* _EXERCISE INSTRUCTIONS_
Would you repeat the entries below word for word and omit the pictures?

* _AVAILABLE RECORDS_
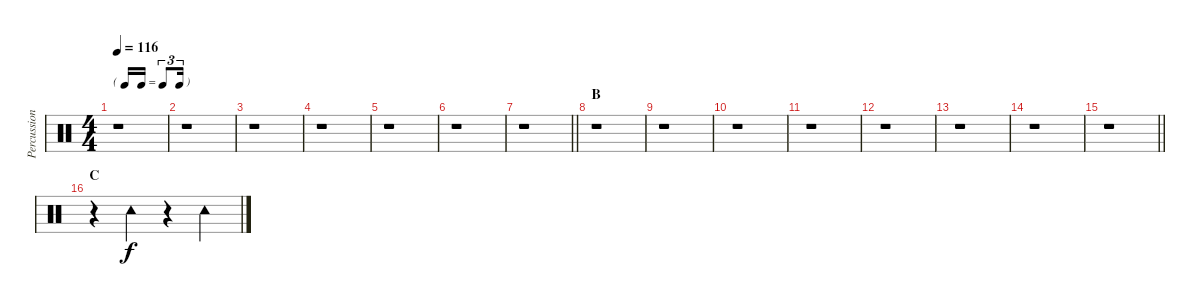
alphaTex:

\track ("Percussion" "Percussion") {instrument percussion}
\staff {score}
\articulation defaults
\ts (4 4)
\tf triplet16th
\tempo 116
\clef neutral
\ks c
r.1{dy f} |
r.1 |
r.1 |
r.1 |
r.1 |
r.1 |
\barLineRight lightlight
r.1 |
\section ("" "B")
r.1 |
r.1 |
r.1 |
r.1 |
r.1 |
r.1 |
r.1 |
\barLineRight lightlight
r.1 |
\section ("" "C")
r.4 "Tambourine (hit)".4 r.4 "Tambourine (hit)".4

* _ANSWER BOX_
alphaTex:

\track ("Percussion" "Percussion") {instrument percussion}
\staff {score}
\articulation defaults
\ts (4 4)
\tf triplet16th
\tempo 116
\clef neutral
\ks c
r.1{dy f} |
r.1 |
r.1 |
r.1 |
r.1 |
r.1 |
\barLineRight lightlight
r.1 |
\section ("" "B")
r.1 |
r.1 |
r.1 |
r.1 |
r.1 |
r.1 |
r.1 |
\barLineRight lightlight
r.1 |
\section ("" "C")
r.4 "Tambourine (hit)".4 r.4 "Tambourine (hit)".4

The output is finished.